→ **Task objective**
Output the lines of the records from the one containing "materials: ivory" through the last, both ends included. Leave pictures out.

→ **Excerpts from a dataset**
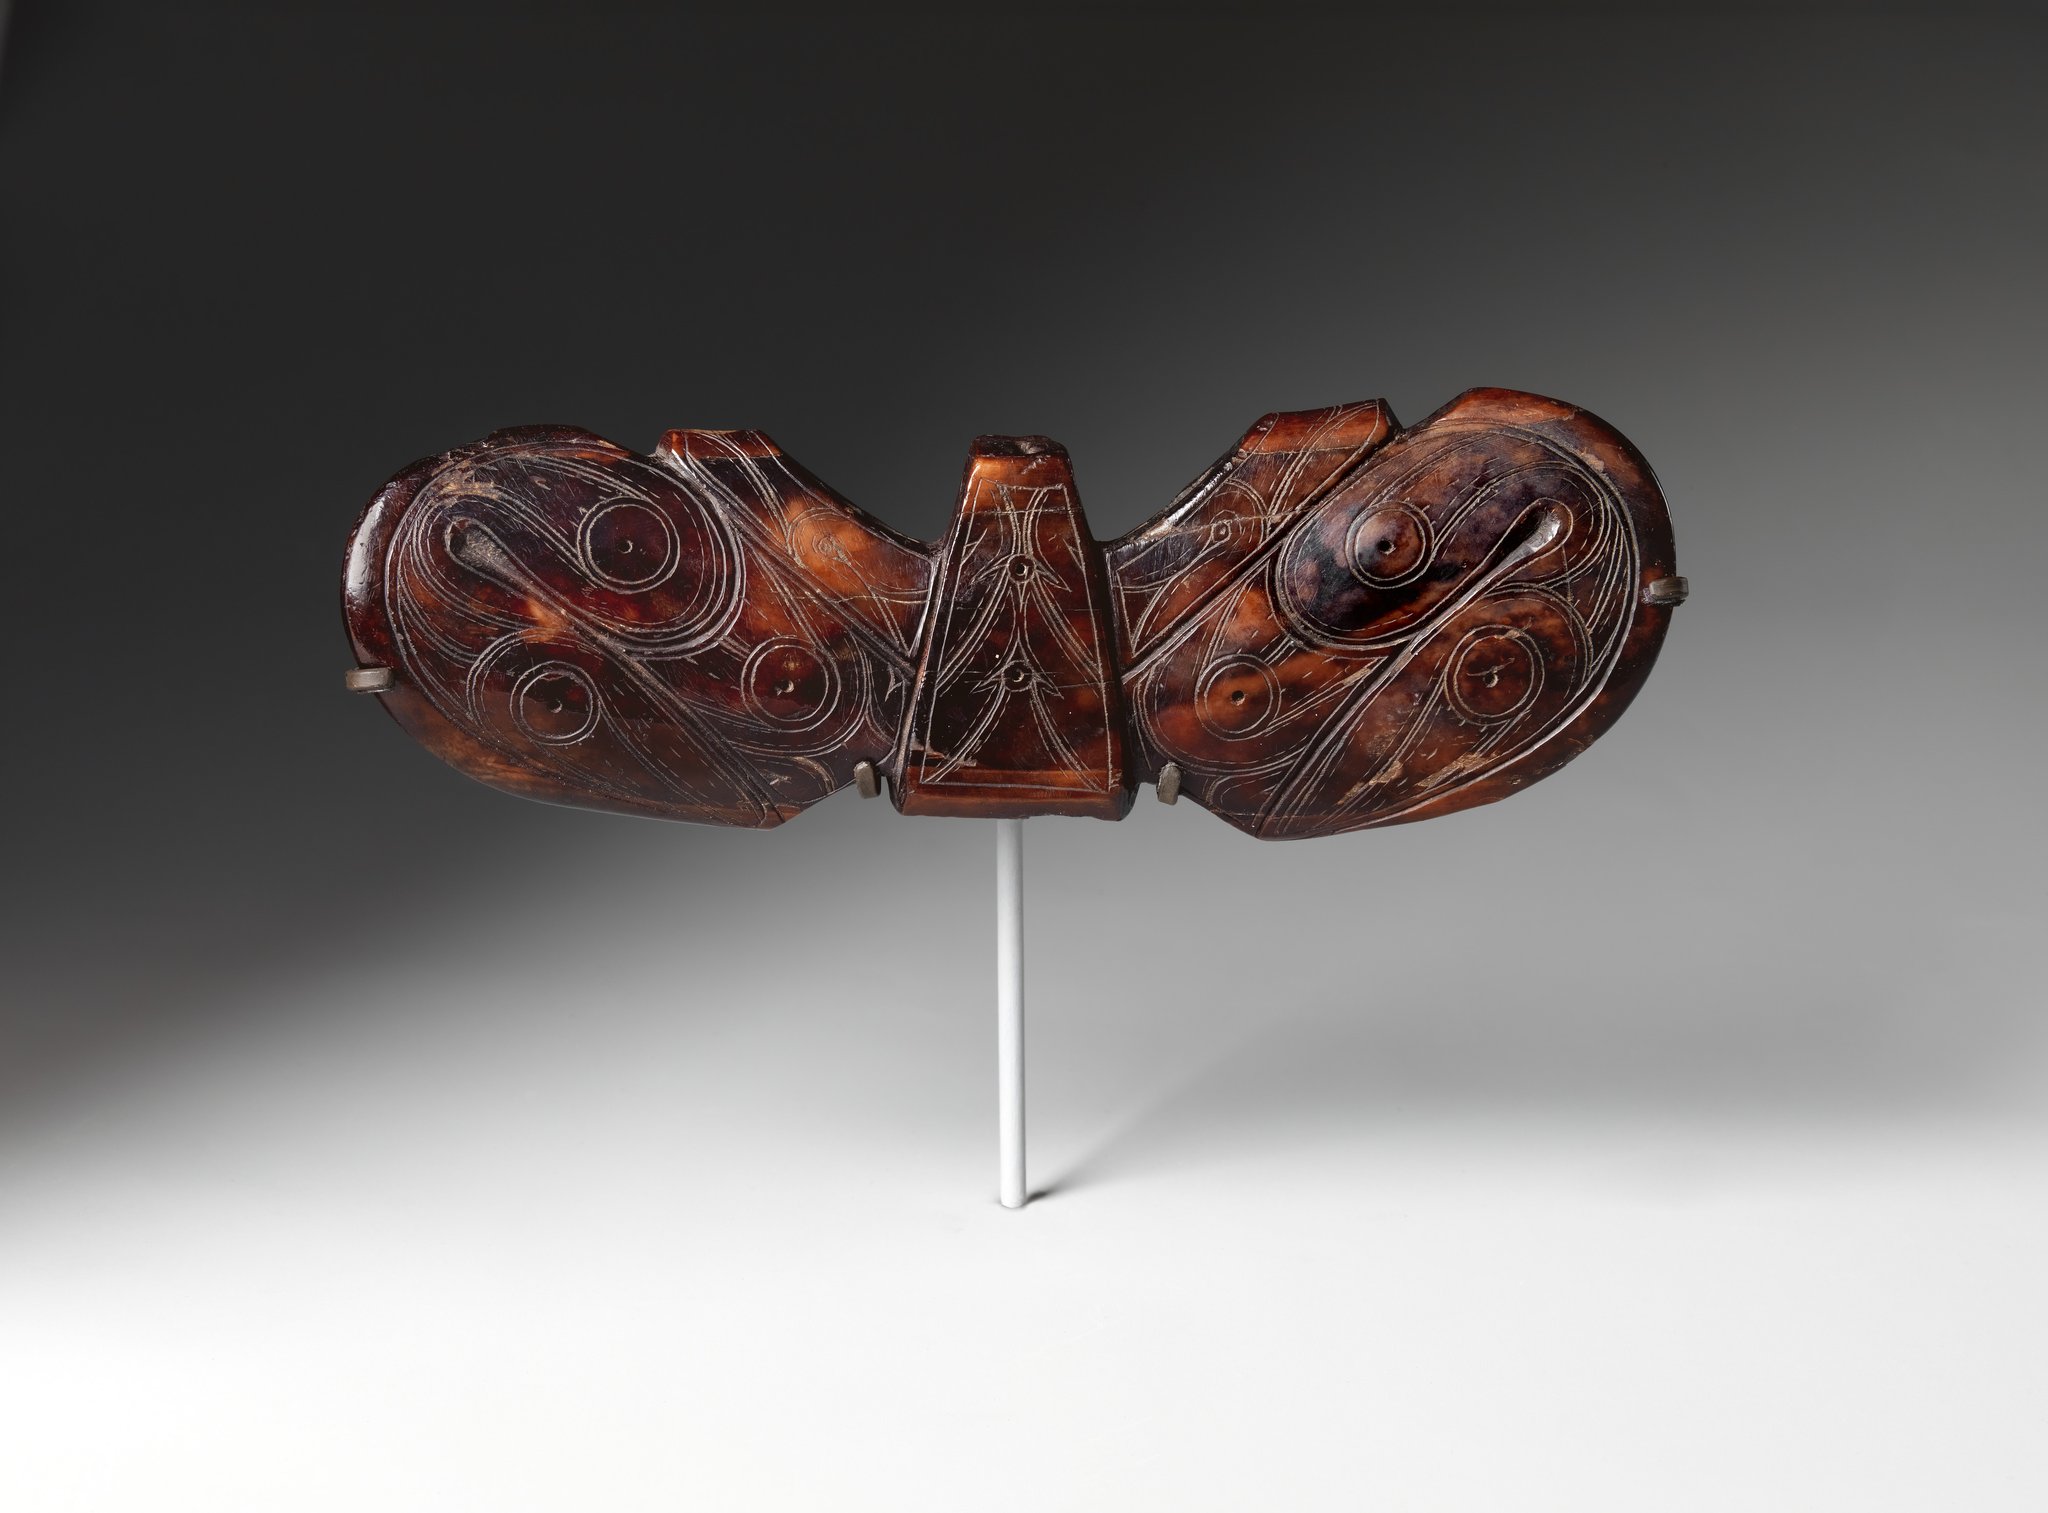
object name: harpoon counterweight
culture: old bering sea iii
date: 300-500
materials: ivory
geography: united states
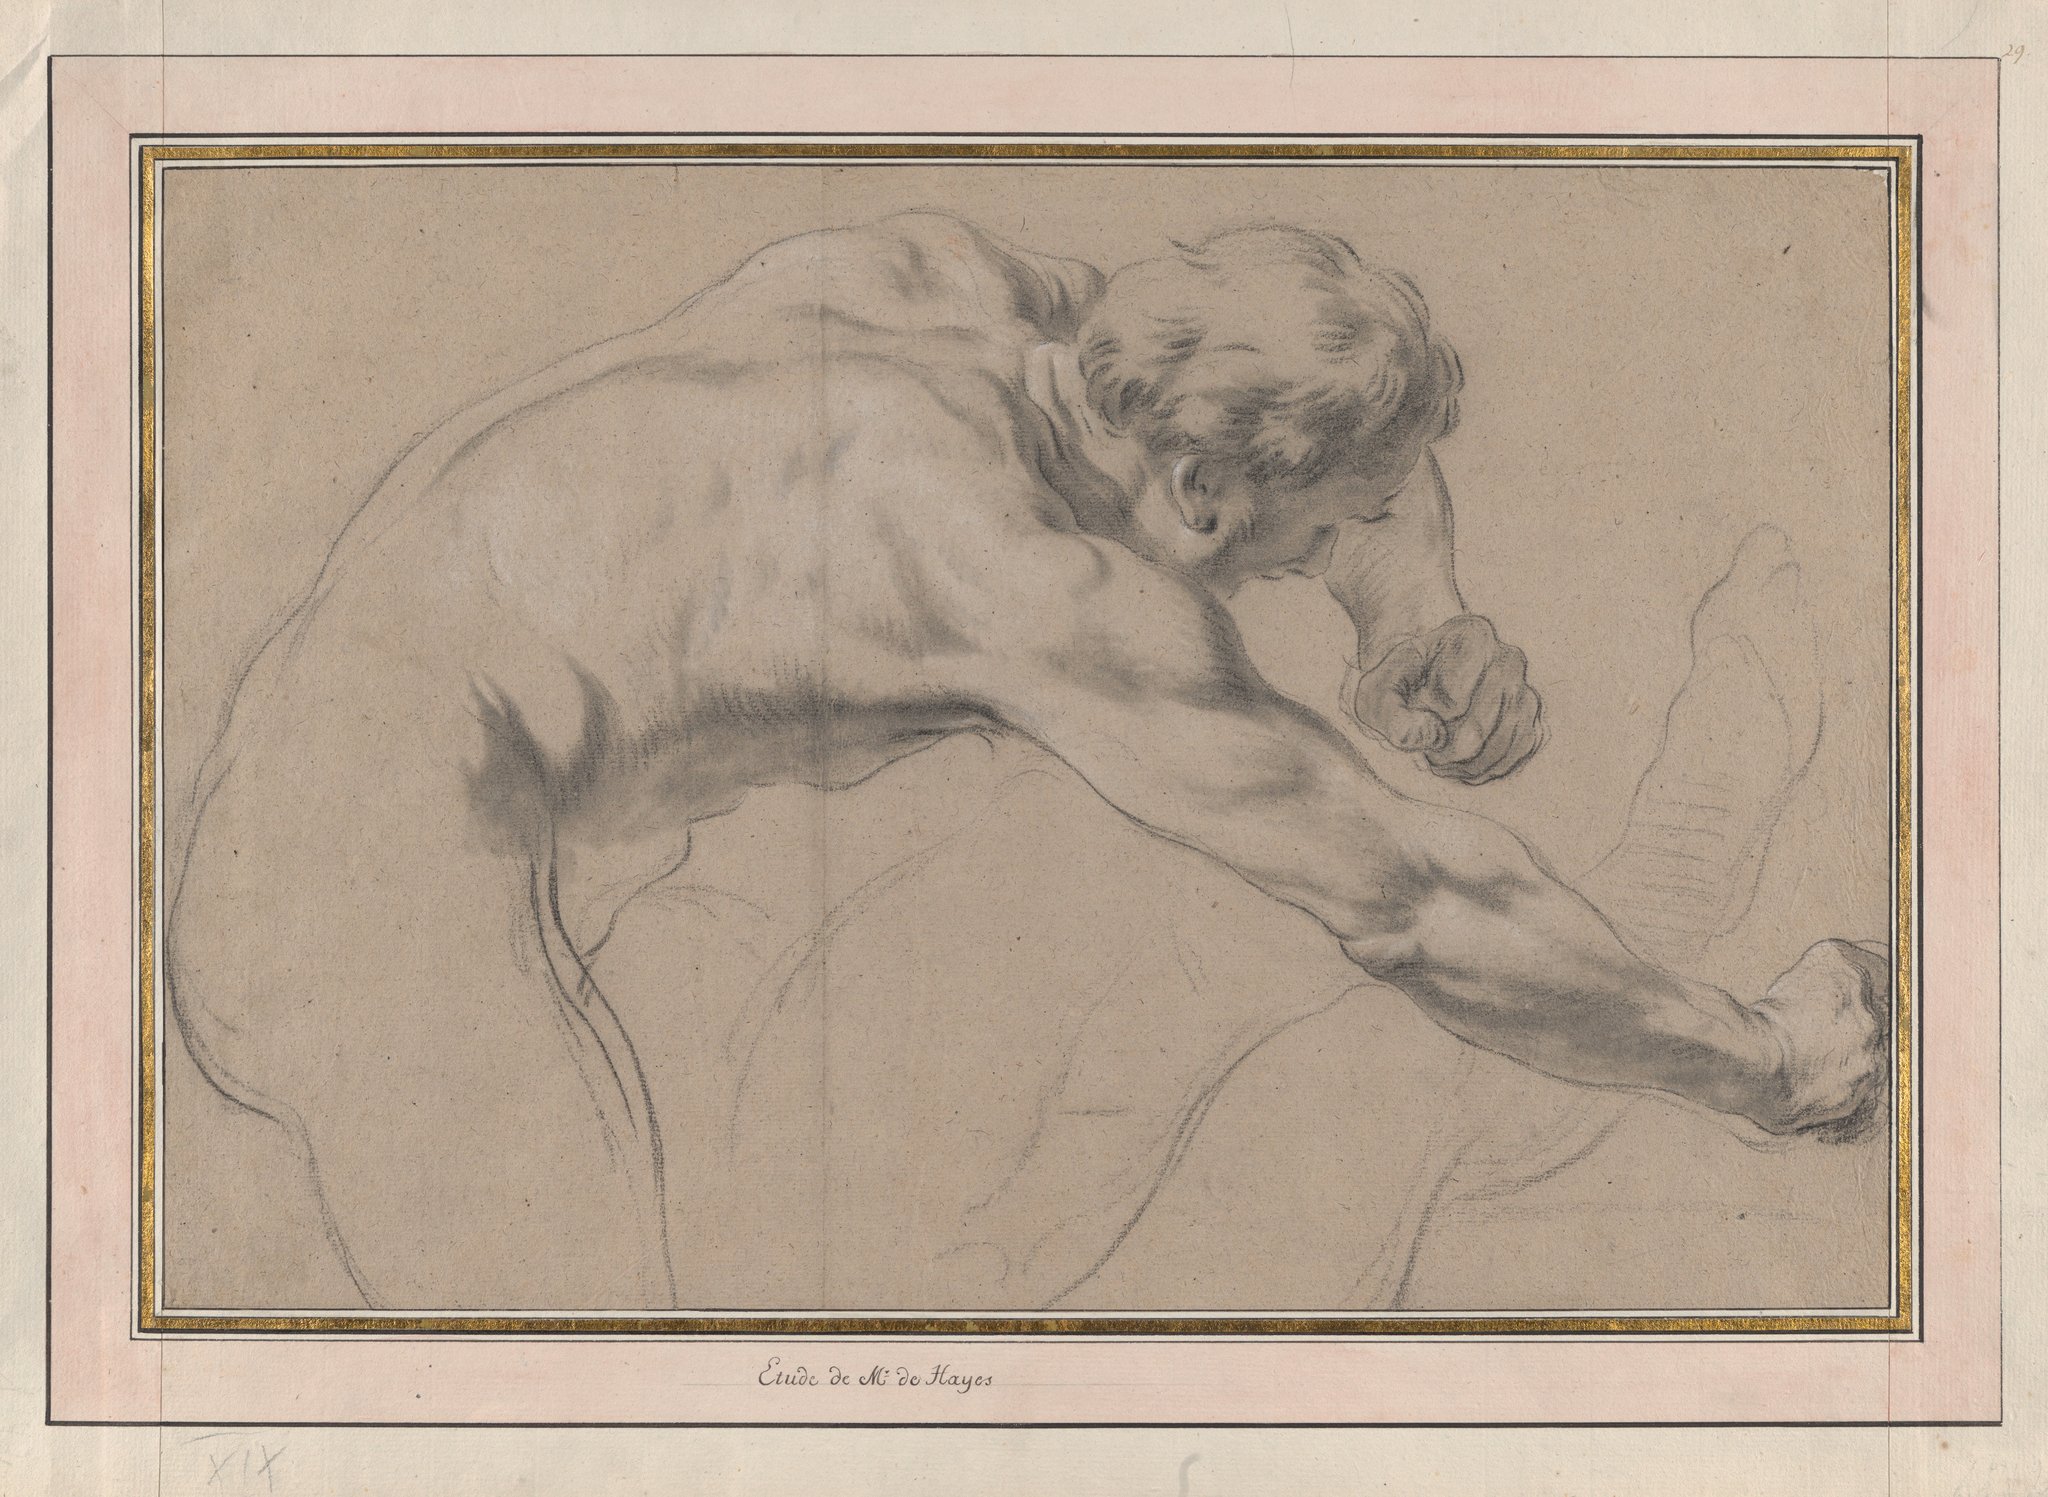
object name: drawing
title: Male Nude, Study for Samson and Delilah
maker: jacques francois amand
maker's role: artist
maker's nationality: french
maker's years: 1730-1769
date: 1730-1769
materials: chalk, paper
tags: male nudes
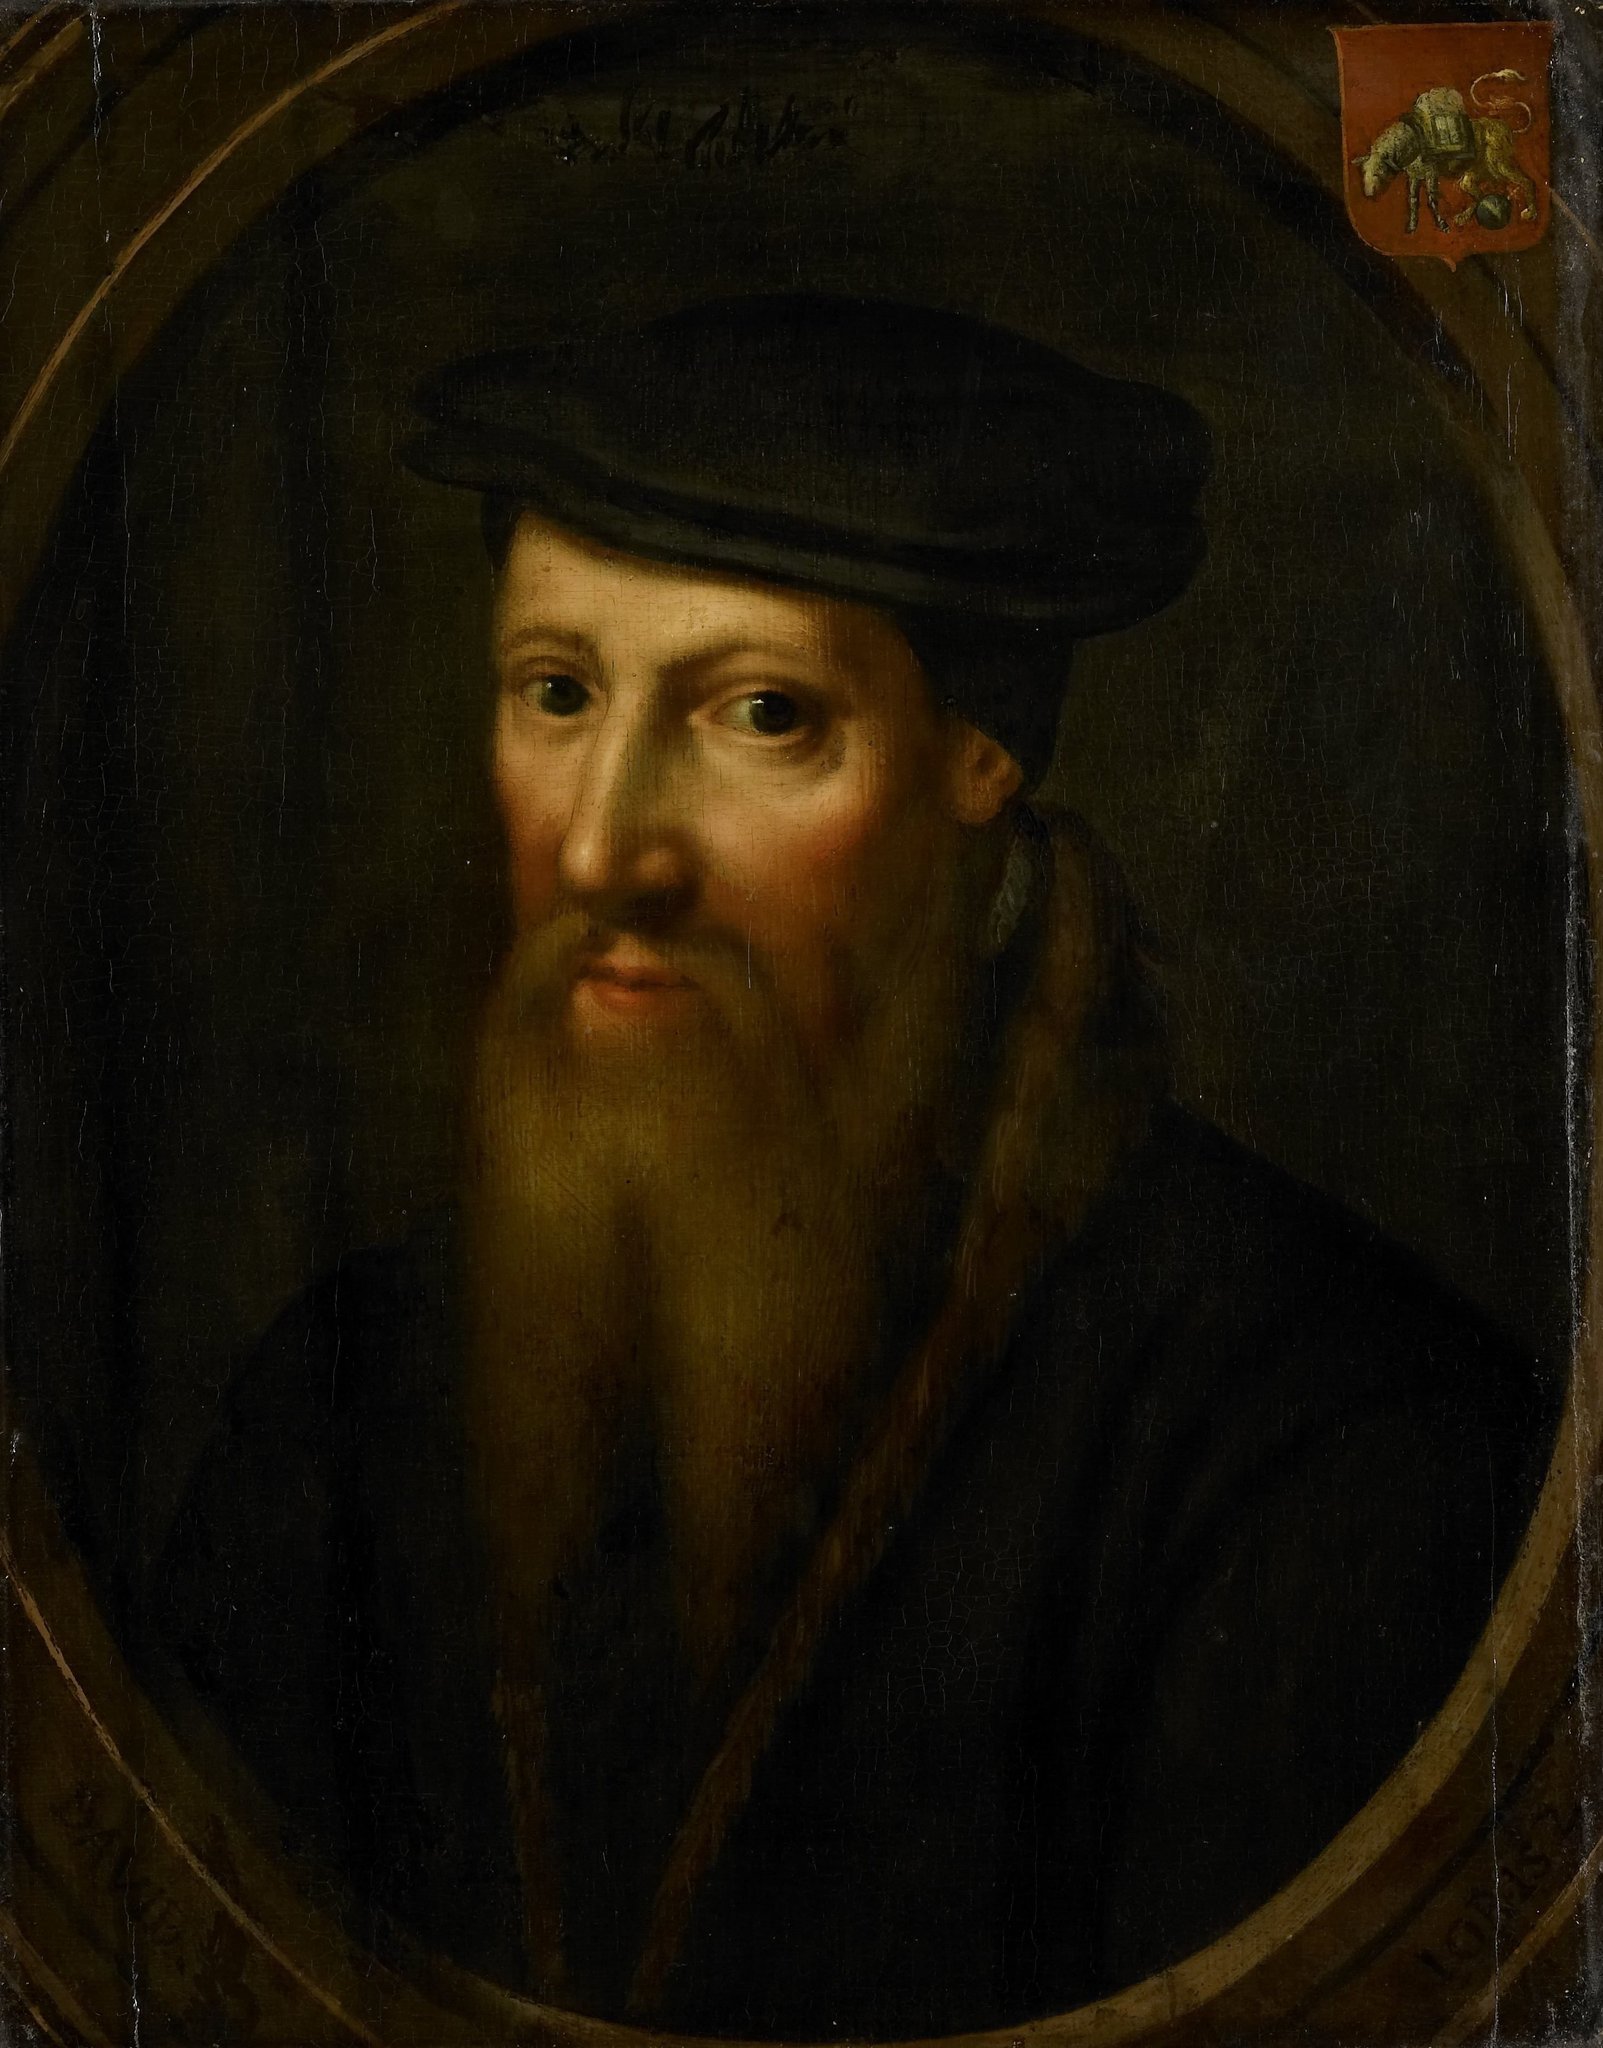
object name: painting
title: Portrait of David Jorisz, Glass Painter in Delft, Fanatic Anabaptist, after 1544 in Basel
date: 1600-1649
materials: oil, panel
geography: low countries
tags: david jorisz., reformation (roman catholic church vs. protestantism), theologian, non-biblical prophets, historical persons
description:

→ **Task response**
materials: ivory
geography: united states
object name: drawing
title: Male Nude, Study for Samson and Delilah
maker: jacques francois amand
maker's role: artist
maker's nationality: french
maker's years: 1730-1769
date: 1730-1769
materials: chalk, paper
tags: male nudes
object name: painting
title: Portrait of David Jorisz, Glass Painter in Delft, Fanatic Anabaptist, after 1544 in Basel
date: 1600-1649
materials: oil, panel
geography: low countries
tags: david jorisz., reformation (roman catholic church vs. protestantism), theologian, non-biblical prophets, historical persons
description:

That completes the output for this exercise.